((

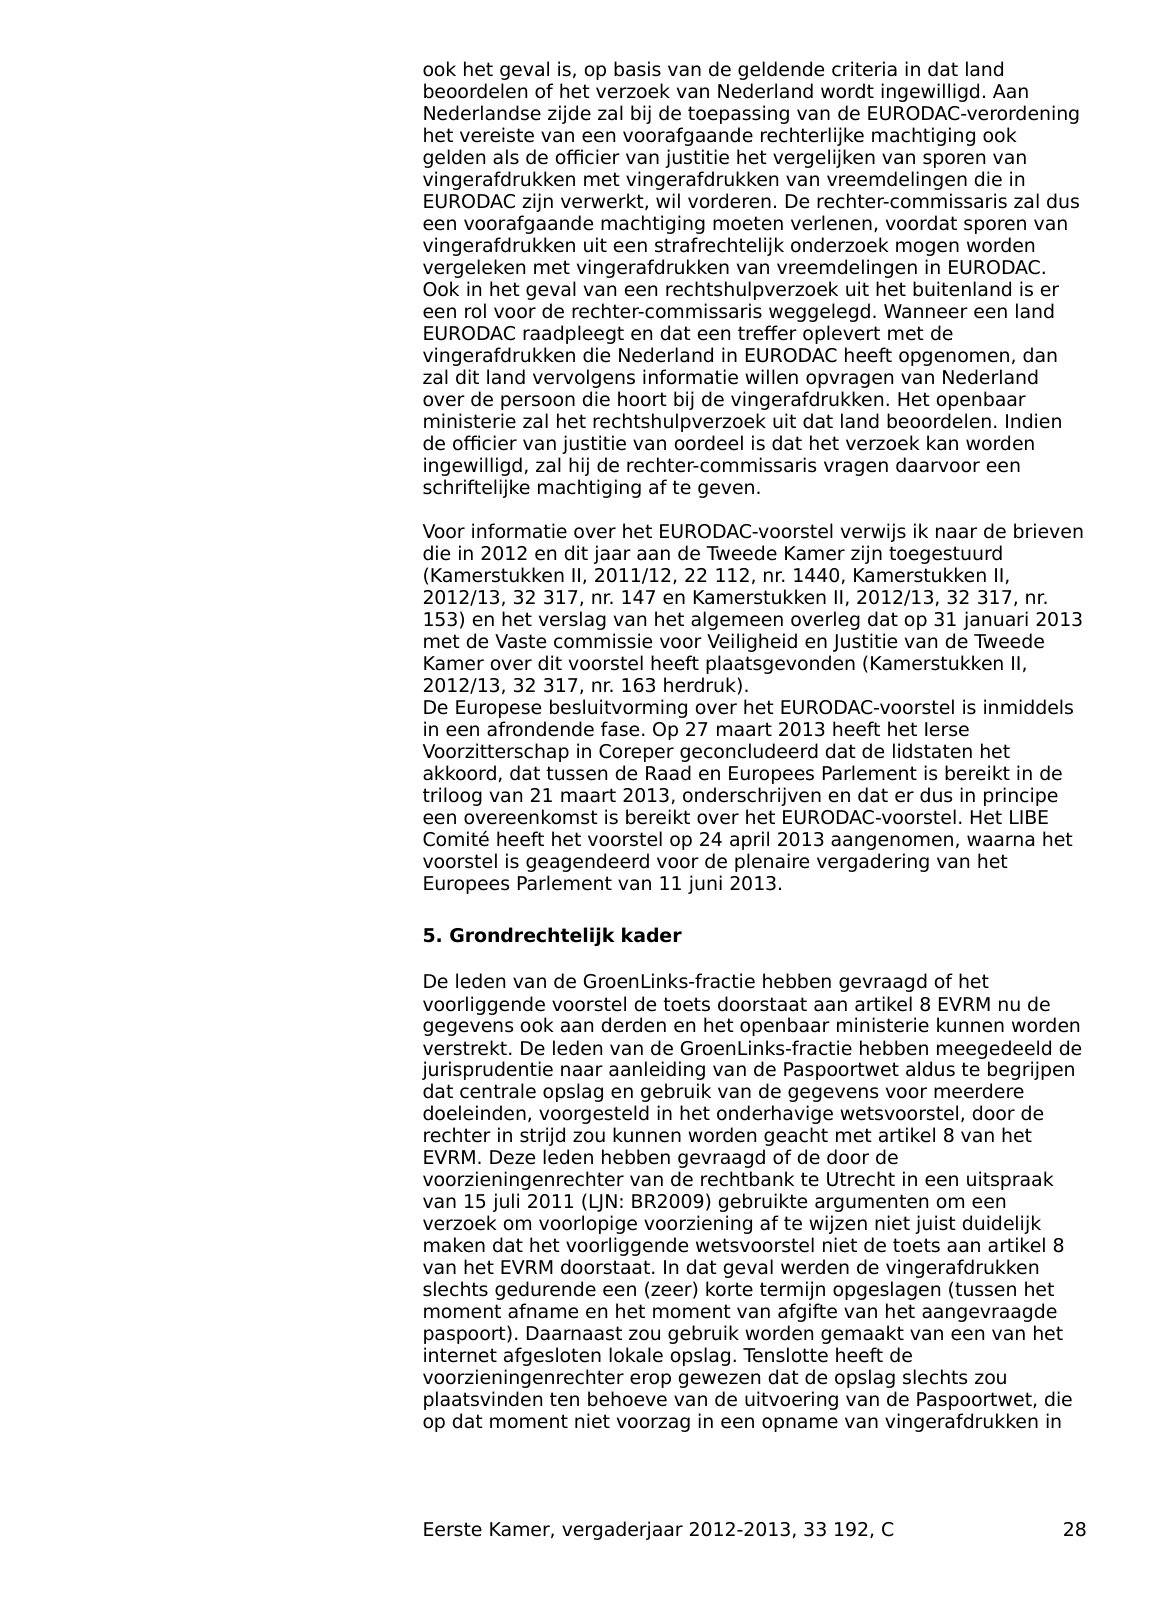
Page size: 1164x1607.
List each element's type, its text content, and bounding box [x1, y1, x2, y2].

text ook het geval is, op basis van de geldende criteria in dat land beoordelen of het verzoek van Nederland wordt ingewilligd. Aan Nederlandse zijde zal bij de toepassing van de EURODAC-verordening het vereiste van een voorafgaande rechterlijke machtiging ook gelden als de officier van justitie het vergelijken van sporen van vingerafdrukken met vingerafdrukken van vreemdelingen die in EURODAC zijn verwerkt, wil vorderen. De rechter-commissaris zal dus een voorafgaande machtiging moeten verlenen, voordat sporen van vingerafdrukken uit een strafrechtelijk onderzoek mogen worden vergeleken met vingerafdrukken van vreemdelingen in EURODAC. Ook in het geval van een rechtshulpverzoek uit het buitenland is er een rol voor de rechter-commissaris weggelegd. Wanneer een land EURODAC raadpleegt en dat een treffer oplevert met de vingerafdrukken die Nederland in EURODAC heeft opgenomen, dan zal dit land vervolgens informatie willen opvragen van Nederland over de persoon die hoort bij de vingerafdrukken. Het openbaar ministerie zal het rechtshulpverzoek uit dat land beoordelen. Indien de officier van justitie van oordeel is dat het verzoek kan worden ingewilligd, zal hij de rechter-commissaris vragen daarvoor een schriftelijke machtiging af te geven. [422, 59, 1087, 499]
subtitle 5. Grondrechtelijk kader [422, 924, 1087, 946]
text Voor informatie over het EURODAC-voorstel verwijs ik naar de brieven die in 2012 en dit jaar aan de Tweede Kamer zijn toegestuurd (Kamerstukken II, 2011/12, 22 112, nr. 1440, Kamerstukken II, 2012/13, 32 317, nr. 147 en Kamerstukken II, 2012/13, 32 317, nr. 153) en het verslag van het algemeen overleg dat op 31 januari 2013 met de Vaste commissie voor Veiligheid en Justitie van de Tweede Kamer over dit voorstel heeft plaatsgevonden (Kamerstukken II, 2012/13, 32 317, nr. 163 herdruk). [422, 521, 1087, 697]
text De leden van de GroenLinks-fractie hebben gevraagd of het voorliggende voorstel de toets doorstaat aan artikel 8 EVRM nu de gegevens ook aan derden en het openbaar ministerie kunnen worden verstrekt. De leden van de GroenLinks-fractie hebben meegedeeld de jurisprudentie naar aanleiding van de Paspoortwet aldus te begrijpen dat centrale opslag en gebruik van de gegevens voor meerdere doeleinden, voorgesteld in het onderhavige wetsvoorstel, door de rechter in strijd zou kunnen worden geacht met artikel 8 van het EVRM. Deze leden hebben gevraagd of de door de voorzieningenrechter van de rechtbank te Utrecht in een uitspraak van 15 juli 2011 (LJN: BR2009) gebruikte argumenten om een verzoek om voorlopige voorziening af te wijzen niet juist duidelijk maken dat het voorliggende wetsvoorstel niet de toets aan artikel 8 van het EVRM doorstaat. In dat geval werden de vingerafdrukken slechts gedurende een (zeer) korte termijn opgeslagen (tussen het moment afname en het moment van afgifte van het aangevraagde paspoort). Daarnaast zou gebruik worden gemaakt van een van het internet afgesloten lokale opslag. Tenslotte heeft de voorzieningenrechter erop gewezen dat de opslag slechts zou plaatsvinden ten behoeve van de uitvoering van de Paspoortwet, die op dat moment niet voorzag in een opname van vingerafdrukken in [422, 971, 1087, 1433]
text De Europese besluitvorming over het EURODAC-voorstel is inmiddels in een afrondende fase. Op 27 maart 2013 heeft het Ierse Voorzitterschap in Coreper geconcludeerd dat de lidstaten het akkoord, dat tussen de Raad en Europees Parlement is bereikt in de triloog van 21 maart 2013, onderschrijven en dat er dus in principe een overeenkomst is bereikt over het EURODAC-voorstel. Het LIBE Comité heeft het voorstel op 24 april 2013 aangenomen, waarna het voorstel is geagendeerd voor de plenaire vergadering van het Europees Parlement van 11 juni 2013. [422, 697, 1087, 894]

))

§ YOUR GOAL:
Please restate the lines above exactly, starting at the first line of the data and stopping at the line containing "List each element's", which is included. Omit pictures.

§ WRITTEN ANSWER:
Page size: 1164x1607.
List each element's type, its text content, and bounding box [x1, y1, x2, y2].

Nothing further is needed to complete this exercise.